Young Top Researcher Honored

Gottschalk-Diederich-Baedeker Prize


© UDE/Juliana Fischer

She develops energy-efficient methods to produce hydrogen for the energy transition or to bind climate-damaging carbon dioxide: Materials Chain member Prof. Dr. Corina Andronescu. Now the UDE chemist has received the Gottschalk-Diederich-Baedeker Prize. This prize is awarded by the Essen-based G.D. Baedeker Foundation to scientists who bring their outstanding research to industry. The prize money is 5,000 euros.

With the prize, the foundation wants to make the benefits of UDE research visible for the Ruhr metropolitan region. Corina Andronescu's work is a perfect example of this. This is because the 35-year-old is investigating how, for example, catalytic hydrogen production can also become more sustainable on a larger scale in the future. "The industry is working on a large scale. So that expensive and rare raw materials can be avoided here, I am researching new materials in the hydrogen production process," says Andronescu. "In particular, I want to replace the precious metals platinum and iridium in the membranes and electrodes of the standard electrolysis chambers with more sustainable and cheaper base metals."
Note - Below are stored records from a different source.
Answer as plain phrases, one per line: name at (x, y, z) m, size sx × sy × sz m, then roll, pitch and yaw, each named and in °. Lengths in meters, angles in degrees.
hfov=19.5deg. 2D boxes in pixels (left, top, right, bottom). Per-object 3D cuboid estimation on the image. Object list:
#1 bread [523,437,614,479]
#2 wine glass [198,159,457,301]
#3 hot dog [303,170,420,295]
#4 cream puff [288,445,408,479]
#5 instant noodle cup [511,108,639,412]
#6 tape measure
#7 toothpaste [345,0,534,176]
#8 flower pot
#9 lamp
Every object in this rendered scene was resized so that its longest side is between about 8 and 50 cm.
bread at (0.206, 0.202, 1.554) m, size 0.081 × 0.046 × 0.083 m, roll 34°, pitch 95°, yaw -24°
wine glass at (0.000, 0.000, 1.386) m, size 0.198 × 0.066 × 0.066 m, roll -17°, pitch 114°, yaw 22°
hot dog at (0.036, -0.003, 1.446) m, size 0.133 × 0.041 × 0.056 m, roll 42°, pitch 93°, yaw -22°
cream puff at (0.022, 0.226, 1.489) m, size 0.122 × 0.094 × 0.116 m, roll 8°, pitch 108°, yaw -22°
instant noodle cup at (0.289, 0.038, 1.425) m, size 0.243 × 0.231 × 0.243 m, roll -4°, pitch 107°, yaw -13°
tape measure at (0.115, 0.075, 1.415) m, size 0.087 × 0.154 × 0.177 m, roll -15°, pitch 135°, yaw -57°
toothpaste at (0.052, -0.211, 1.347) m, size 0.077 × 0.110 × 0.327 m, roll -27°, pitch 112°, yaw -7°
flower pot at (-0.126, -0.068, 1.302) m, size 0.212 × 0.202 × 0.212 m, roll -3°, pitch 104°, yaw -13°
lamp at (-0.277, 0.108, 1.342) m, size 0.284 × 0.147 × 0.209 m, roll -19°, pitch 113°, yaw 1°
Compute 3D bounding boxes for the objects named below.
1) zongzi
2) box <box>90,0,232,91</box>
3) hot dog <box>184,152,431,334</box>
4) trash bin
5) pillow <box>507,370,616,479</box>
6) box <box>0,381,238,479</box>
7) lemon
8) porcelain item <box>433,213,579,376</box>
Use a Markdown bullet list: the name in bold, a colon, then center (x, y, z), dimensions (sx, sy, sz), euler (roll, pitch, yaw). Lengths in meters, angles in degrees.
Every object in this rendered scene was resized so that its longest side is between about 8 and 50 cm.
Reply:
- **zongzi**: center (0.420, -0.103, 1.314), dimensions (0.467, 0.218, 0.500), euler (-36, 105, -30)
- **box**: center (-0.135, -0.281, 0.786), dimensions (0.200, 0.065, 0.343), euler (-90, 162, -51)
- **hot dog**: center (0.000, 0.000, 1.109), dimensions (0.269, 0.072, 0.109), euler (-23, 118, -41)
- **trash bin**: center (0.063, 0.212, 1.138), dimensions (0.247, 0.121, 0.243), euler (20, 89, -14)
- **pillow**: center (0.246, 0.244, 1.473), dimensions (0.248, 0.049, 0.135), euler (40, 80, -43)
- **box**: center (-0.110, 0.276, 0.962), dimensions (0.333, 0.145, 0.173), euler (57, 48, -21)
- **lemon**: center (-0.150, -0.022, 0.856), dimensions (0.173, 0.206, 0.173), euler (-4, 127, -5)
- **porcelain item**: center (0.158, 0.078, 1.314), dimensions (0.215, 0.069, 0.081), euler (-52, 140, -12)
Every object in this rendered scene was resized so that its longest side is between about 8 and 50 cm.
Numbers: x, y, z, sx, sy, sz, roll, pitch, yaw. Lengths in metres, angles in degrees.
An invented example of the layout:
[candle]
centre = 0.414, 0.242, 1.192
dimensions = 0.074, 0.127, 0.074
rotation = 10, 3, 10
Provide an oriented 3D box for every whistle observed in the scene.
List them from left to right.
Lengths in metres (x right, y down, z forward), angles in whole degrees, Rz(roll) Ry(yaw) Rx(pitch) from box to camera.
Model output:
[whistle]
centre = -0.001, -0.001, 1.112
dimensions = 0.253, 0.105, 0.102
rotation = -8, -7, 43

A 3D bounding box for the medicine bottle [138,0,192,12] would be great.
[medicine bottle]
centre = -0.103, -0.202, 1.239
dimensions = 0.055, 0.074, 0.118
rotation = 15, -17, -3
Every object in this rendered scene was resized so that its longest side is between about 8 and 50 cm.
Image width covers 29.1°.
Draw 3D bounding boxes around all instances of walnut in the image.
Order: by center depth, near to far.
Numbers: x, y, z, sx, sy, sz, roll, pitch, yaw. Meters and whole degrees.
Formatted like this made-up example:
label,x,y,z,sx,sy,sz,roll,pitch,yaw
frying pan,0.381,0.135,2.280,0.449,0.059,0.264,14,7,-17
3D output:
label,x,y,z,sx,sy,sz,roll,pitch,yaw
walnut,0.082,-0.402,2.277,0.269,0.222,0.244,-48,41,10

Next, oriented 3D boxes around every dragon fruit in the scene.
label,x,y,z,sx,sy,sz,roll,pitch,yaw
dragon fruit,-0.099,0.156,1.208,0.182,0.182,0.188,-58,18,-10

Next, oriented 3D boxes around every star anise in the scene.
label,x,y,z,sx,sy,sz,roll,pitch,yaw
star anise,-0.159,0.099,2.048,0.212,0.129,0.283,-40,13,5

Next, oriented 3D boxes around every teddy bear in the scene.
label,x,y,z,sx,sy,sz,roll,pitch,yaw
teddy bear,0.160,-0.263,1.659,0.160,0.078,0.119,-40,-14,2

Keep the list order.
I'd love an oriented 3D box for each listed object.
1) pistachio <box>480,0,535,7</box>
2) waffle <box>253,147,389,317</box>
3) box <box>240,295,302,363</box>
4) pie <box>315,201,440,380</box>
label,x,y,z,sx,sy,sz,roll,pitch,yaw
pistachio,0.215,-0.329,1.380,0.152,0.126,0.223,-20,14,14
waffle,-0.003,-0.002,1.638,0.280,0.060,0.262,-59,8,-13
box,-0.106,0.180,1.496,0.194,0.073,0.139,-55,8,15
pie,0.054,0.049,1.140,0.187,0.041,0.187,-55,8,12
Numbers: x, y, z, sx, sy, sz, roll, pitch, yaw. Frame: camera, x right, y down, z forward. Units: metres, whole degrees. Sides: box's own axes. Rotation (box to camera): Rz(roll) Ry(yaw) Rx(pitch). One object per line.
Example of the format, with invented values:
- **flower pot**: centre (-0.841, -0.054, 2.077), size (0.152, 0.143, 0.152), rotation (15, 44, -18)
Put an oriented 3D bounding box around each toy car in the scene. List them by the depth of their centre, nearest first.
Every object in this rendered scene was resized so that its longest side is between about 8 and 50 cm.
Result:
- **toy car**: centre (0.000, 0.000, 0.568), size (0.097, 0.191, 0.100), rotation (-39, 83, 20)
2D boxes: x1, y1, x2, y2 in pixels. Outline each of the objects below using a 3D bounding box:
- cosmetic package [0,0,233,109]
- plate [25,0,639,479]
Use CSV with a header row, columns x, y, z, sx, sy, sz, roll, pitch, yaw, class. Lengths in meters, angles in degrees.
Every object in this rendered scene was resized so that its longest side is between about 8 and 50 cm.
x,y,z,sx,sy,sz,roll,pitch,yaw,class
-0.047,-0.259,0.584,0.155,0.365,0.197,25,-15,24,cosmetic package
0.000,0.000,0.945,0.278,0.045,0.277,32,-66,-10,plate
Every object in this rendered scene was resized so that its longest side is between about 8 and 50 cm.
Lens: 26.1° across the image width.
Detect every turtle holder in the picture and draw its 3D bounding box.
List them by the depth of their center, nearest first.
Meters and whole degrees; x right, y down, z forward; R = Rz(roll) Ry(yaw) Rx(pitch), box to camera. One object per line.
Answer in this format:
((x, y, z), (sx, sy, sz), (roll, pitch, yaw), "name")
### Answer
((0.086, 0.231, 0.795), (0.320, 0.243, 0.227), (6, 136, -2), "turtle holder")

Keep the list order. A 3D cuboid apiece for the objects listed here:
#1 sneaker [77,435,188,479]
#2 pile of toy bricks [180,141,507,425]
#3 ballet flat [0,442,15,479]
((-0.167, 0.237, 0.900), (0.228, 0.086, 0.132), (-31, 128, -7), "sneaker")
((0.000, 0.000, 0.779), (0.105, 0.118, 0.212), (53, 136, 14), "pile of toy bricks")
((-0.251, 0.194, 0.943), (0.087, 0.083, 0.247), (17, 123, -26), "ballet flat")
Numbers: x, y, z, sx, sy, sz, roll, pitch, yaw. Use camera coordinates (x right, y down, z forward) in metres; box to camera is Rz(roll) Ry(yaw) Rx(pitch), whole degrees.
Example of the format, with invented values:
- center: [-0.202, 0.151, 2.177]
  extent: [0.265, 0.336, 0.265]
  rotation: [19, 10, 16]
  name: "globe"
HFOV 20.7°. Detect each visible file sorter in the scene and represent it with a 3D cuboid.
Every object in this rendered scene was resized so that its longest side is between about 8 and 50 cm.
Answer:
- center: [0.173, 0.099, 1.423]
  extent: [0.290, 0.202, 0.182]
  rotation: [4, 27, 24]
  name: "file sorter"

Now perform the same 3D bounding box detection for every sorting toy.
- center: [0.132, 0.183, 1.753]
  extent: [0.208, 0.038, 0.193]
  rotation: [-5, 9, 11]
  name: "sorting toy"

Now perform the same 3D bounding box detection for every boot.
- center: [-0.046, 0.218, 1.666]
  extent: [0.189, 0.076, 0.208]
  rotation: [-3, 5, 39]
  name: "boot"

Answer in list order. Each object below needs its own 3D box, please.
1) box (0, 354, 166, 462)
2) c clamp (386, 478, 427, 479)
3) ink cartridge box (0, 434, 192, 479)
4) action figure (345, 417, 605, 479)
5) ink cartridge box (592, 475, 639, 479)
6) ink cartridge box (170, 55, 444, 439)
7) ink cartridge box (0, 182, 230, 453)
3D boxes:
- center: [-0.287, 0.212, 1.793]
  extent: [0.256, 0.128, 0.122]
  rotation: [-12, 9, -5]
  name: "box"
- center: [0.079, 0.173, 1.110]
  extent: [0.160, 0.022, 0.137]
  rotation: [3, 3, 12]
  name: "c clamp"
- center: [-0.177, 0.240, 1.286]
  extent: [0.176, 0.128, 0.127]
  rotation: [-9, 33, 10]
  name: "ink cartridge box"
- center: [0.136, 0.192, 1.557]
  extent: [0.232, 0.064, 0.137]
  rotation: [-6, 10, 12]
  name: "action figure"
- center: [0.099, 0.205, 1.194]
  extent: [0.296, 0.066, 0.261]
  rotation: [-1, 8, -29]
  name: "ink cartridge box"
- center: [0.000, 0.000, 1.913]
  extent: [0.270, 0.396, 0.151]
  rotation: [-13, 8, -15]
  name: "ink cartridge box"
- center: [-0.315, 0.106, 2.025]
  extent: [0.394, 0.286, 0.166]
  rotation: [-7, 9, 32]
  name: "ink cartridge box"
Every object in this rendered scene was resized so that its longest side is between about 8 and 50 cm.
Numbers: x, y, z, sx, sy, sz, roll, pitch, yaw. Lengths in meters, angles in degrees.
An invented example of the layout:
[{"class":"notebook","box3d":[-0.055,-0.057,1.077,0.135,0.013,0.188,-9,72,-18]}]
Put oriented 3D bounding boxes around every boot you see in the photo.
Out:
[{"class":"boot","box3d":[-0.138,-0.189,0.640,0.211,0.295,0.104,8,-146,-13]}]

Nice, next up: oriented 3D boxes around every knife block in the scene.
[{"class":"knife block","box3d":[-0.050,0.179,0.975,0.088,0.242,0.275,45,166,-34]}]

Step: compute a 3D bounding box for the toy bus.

Moreover, so far only the purest water can be used to produce hydrogen - which is scarce and requires energy-intensive processing. For this reason, the electrochemist is also investigating what water quality still works in electrocatalytic processes without damaging the materials. She is also developing new types of catalyst materials to bind climate-damaging CO2 in order to produce useful basic chemicals such as ethanol or ethylene.

UDE Rector Prof. Dr. Barbara Albert, Martin Sutter, board member of the G.D. Baedeker Foundation, and Essen's Mayor Thomas Kufen were impressed by the young scientist's commitment at the award ceremony. Laudator and Materials Chain member Prof. Dr. Stephan Barcikowski was particularly pleased with the "double whammy" that Andronescu brings to the Faculty of Chemistry. She received the prestigious Joachim Walter Schultze Award from the Association of Electrochemical Research Institutions just in September.

Andronescu has been at UDE since 2018 and is well connected in the research community. She is vice speaker of ACTIVES SITES, a research building currently under construction at the Essen campus. Here, active centers in aqueous environments are being researched, which play an important role in chemical and biological processes, for example also in electrochemical energy conversion.